Cal Heldenbrand cal at fbsdata.com
Wed Aug 1 12:32:03 EDT 2012

Hi everyone,

I'm starting to get my memcached cluster setup more operational now.  But
I'm running into one small problem -- when my memcached resource check
fails, the stonith primitive isn't triggered to reset the node.  It only
happens when it's loaded up enough to cause corosync to fail.  When the
stonith does fire, it resets the node correctly.

Here's the relevant snippets of my config.  fence_virsh is used just for my
testing environment of Xen VMs.

node mem1
node mem2
node mem3
primitive mem1-xen-host stonith:fence_virsh \
        op monitor interval="1s" timeout="5s" \
        params ipaddr="vmhost1" login="root" action="reboot"
identity_file="/root/.ssh/id_dsa" port="mem1" pcmk_host_list="mem1"
pcmk_host_check="static-list" pcmk_host_map="" verbose="true"
debug="/var/log/vmhost1.log" \
        meta is-managed="true"
primitive memcached ocf:fbs:memcached \
        meta is-managed="true" \
        op monitor interval="1s" timeout="1s"
clone mem1-xen-host-clone mem1-xen-host \
        meta target-role="Started"
clone memcached_clone memcached \
        params ordered="false" \
        meta target-role="Started" migration-threshold="1"

# stonith device for mem1 should never run on mem1
location st-mem1-not-on-mem1 mem1-xen-host-clone -inf: mem1

# ensure ip-mem1 has a working memcache
colocation ip-mem1-on-memcache inf: cluster-ip-mem1 memcached_clone

# ensure ip-mem2 does not live on the same node as ip-mem1
# UNLESS the other 2 nodes are down.
colocation ip-mem2-not-on-ip-mem1 -10000: cluster-ip-mem2 cluster-ip-mem1

And here's what the cluster status looks like when the memcached service
check is failing, but the node is still up.

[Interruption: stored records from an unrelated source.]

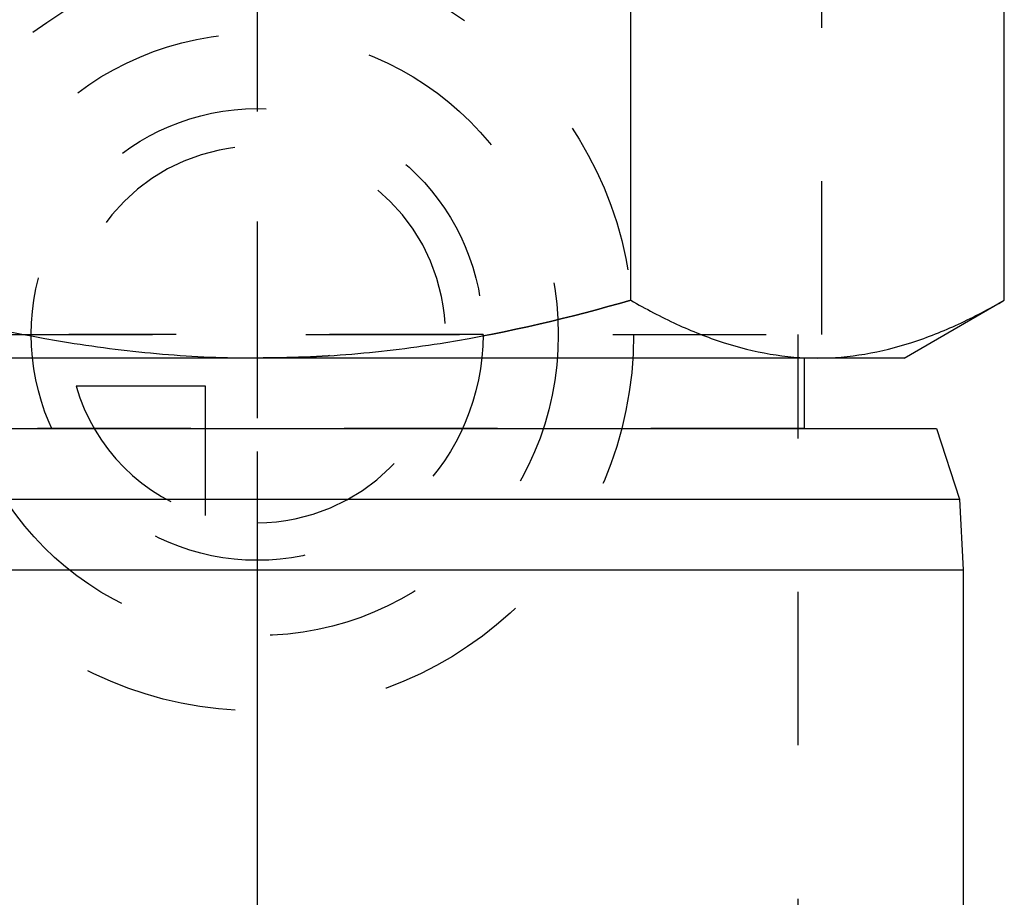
# Model space of a CAD drawing. Header units: millimetres. Extents: x 441 to 559, y 432 to 569.
# Tile 9 of 15: x 490 to 532, y 511 to 548. Entities that reach past the tile are written whole.
import ezdxf

# ---------------------------------------------------------------- set-up
doc = ezdxf.new("R2010")
doc.units = ezdxf.units.MM
doc.header["$LTSCALE"] = 65.185185
doc.linetypes.add('CENTER', pattern=[0.6, 0.375, -0.075, 0.075, -0.075])
doc.linetypes.add('HIDDEN', pattern=[0.2, 0.1, -0.1])
for name, color, linetype in [('ACHSEN_S', 7, 'CONTINUOUS'), ('FASEN', 7, 'CONTINUOUS'), ('KONST.EL_MIT_GEO', 7, 'CONTINUOUS'), ('KURVEN', 7, 'CONTINUOUS')]:
    doc.layers.add(name, color=color, linetype=linetype)

msp = doc.modelspace()

# ---------------------------------------------------------------- linework, layer by layer
at = {"layer": 'ACHSEN_S', "color": 2, "linetype": 'CENTER'}
msp.add_line((500, 569.139), (500, 431.5), dxfattribs=at)
at = {"layer": 'FASEN', "color": 7, "linetype": 'Continuous'}
for p, q in [((471.131, 531), (528.869, 531)), ((528.869, 531), (529.843, 528.004)), ((470.157, 528.004), (529.843, 528.004)), ((529.843, 528.004), (530, 525)), ((470, 525), (530, 525))]:
    msp.add_line(p, q, dxfattribs=at)
at = {"layer": 'KONST.EL_MIT_GEO', "color": 7, "linetype": 'Continuous'}
for p, q in [((515.877, 536.456), (515.877, 561.052)), ((531.754, 536.456), (531.754, 561.052)), ((527.5, 534), (531.754, 536.456)), ((527.5, 534), (472.5, 534)), ((523.25, 534), (523.25, 531)), ((530, 525), (530, 500))]:
    msp.add_line(p, q, dxfattribs=at)
at = {"layer": 'KONST.EL_MIT_GEO', "color": 8, "linetype": 'HIDDEN'}
for p, q in [((524, 535), (524, 550)), ((476, 535), (524, 535)), ((523, 504.5), (523, 535)), ((523.25, 531), (476.75, 531))]:
    msp.add_line(p, q, dxfattribs=at)
at = {"layer": 'KONST.EL_MIT_GEO', "color": 7, "linetype": 'Continuous'}
for points, knots in [([(484.123, 536.456), (486.703, 535.712), (490.635, 534.781), (495.969, 534.115), (498.657, 534), (500, 534)], [0, 0, 0, 0, 0.499901, 0.749952, 1, 1, 1, 1]), ([(500, 534), (501.343, 534), (504.031, 534.115), (509.365, 534.781), (513.297, 535.712), (515.877, 536.456)], [0, 0, 0, 0, 0.250048, 0.500099, 1, 1, 1, 1]), ([(515.877, 536.456), (516.512, 536.09), (517.788, 535.417), (519.768, 534.624), (521.78, 534.117), (523.142, 534), (523.816, 534)], [0, 0, 0, 0, 0.261643, 0.514497, 0.759595, 1, 1, 1, 1]), ([(523.816, 534), (524.489, 534), (525.851, 534.117), (527.863, 534.624), (529.843, 535.417), (531.12, 536.09), (531.754, 536.456)], [0, 0, 0, 0, 0.240405, 0.485503, 0.738357, 1, 1, 1, 1])]:
    msp.add_open_spline(points, degree=3, knots=knots, dxfattribs=at)
at = {"layer": 'KONST.EL_MIT_GEO', "color": 8, "linetype": 'HIDDEN'}
msp.add_open_spline([(515.877, 536.456), (513.297, 535.712), (509.365, 534.781), (504.031, 534.115), (501.343, 534), (500, 534)], degree=3, knots=[0, 0, 0, 0, 0.499901, 0.749952, 1, 1, 1, 1], dxfattribs=at)
at = {"layer": 'KURVEN', "color": 8, "linetype": 'HIDDEN'}
for p, q in [((500, 551), (500, 519)), ((509.6, 535), (492, 535)), ((497.8, 532.8), (492.308, 532.8)), ((497.8, 527.308), (497.8, 532.8))]:
    msp.add_line(p, q, dxfattribs=at)
for radius in [16, 12.8, 9.6]:
    msp.add_circle((500, 535), radius, dxfattribs=at)
for start, end in [(270, 180), (195.962, 254.038)]:
    msp.add_arc((500, 535), 8, start, end, dxfattribs=at)

doc.saveas('drawing.dxf')

Online: [ mem1 mem2 mem3 ]

 cluster-ip-mem2        (ocf::heartbeat:IPaddr2):       Started mem2
 cluster-ip-mem1        (ocf::heartbeat:IPaddr2):       Started mem3
 Clone Set: memcached_clone [memcached]
     Started: [ mem2 mem3 ]
     Stopped: [ memcached:2 ]
 Clone Set: mem1-xen-host-clone [mem1-xen-host]
     Started: [ mem2 mem3 ]
     Stopped: [ mem1-xen-host:2 ]

What configuration directive can I add that would force the stonith event
to run when the memcached_clone is stopped?

Thank you!